Your task: Beginning with the line containing "Step 3: Substitute the values" and ending with the line containing "What's the industry", write out each line of the records below exactly; pictures and lines outside that range are left out.

Dataset:
============================================================

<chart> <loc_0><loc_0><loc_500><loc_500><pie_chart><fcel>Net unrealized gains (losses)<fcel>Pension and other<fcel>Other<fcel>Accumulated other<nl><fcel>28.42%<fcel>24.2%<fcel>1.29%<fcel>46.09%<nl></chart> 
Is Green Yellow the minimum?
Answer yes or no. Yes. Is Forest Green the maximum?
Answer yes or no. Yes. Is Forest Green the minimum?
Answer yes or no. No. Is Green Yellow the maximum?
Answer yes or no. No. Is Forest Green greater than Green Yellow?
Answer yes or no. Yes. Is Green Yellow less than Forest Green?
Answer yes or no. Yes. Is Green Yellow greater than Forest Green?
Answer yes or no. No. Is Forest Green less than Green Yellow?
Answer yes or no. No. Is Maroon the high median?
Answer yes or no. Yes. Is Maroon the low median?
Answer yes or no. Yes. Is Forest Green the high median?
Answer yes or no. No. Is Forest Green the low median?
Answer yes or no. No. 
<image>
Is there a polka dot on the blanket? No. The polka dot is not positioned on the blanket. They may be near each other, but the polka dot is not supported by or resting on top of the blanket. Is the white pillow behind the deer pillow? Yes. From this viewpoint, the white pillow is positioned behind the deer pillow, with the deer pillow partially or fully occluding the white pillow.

============================================================

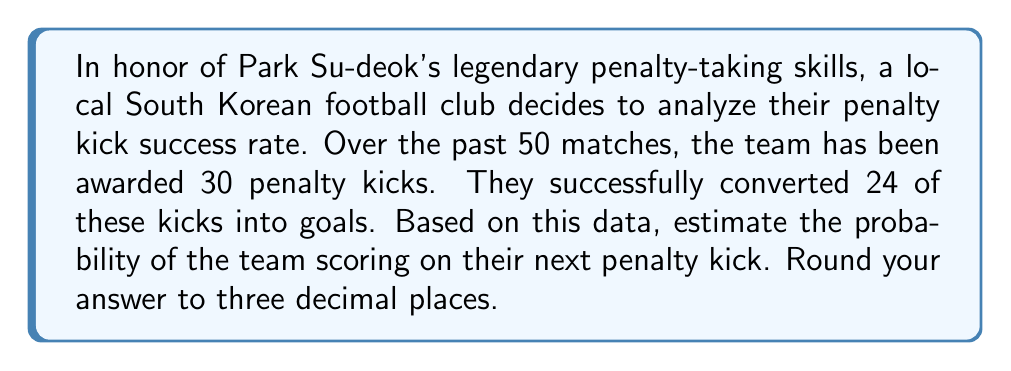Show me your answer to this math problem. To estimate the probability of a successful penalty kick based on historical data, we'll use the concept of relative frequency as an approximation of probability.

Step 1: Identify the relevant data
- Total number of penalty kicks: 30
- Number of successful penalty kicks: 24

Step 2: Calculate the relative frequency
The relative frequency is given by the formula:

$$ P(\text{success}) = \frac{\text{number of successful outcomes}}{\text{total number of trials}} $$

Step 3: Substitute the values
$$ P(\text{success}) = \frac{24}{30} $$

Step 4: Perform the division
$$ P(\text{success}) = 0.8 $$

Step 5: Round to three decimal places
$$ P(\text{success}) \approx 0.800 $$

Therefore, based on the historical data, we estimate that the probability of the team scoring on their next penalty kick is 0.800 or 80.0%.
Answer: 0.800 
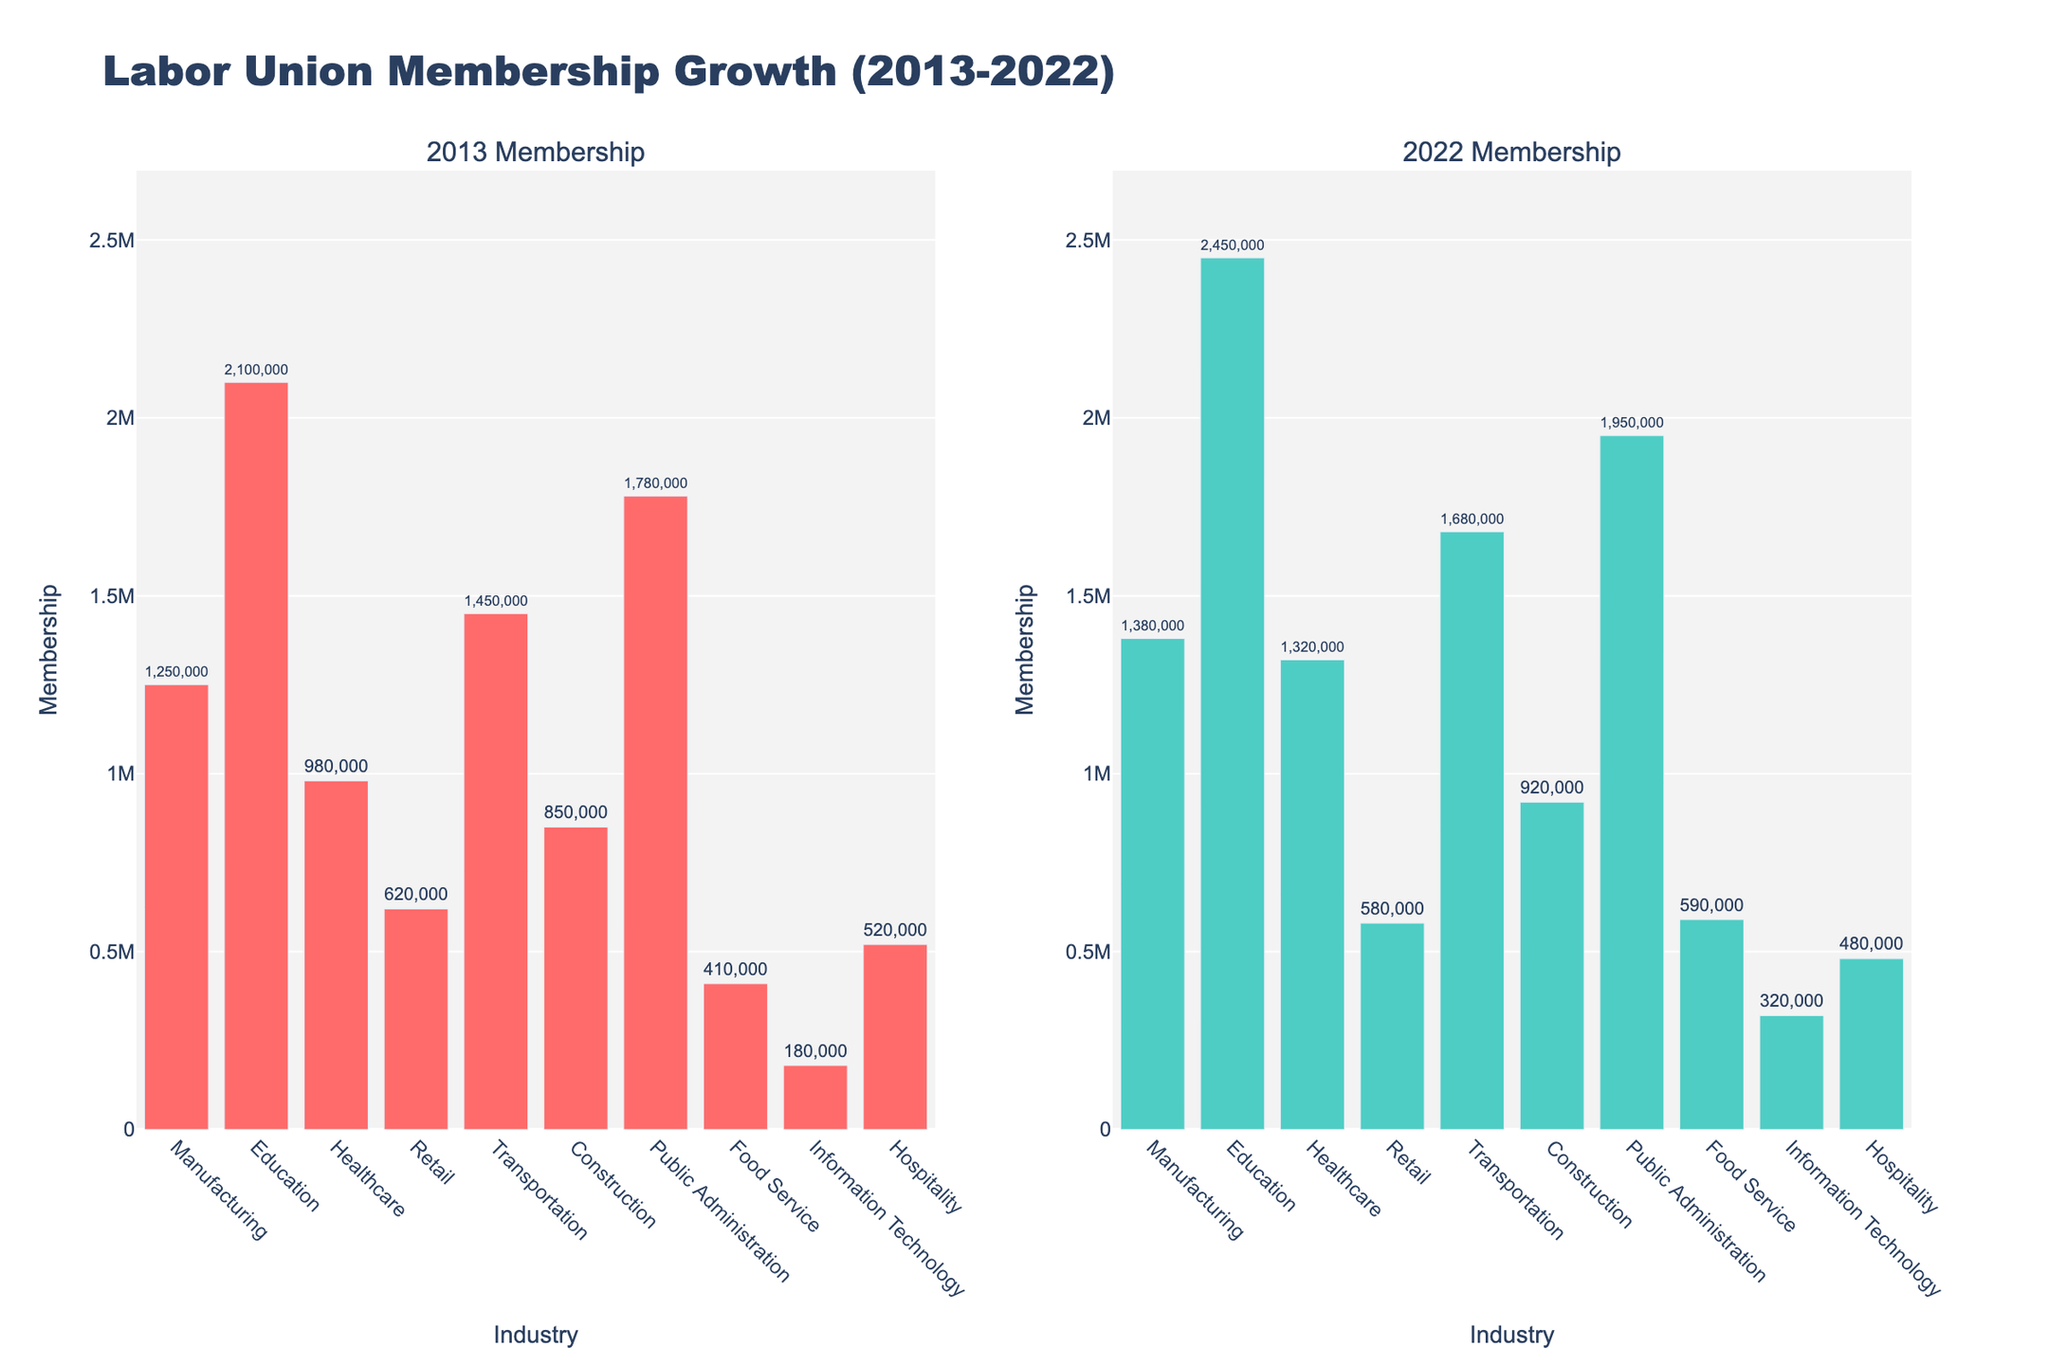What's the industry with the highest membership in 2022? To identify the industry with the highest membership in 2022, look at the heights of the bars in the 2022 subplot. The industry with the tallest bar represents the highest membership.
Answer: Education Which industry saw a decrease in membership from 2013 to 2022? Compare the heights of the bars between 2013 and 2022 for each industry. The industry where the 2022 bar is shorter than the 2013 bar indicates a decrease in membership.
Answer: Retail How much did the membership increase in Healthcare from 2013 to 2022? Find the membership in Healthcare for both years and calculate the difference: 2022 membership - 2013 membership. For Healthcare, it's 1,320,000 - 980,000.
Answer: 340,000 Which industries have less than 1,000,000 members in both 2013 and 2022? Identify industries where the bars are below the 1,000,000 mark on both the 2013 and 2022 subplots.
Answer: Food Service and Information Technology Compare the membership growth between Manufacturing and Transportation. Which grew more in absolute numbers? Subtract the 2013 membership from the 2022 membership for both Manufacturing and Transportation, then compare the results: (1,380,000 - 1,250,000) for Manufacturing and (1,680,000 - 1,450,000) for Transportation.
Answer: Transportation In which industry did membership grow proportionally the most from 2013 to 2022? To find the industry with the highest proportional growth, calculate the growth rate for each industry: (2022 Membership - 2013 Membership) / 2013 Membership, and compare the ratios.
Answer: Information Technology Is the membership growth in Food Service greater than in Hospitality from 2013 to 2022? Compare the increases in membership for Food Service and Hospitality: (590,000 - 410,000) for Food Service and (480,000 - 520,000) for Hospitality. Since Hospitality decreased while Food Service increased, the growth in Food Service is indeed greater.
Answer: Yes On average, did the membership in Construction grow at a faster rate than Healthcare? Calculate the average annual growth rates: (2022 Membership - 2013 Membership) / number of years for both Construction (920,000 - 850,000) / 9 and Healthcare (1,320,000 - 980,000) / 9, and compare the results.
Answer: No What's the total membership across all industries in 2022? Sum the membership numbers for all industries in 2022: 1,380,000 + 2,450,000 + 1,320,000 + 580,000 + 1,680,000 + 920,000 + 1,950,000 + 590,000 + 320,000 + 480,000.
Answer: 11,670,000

============================================================

Result of this task:
Step 3: Substitute the values
$$ P(\text{success}) = \frac{24}{30} $$

Step 4: Perform the division
$$ P(\text{success}) = 0.8 $$

Step 5: Round to three decimal places
$$ P(\text{success}) \approx 0.800 $$

Therefore, based on the historical data, we estimate that the probability of the team scoring on their next penalty kick is 0.800 or 80.0%.
Answer: 0.800 
What's the industry with the highest membership in 2022? To identify the industry with the highest membership in 2022, look at the heights of the bars in the 2022 subplot. The industry with the tallest bar represents the highest membership.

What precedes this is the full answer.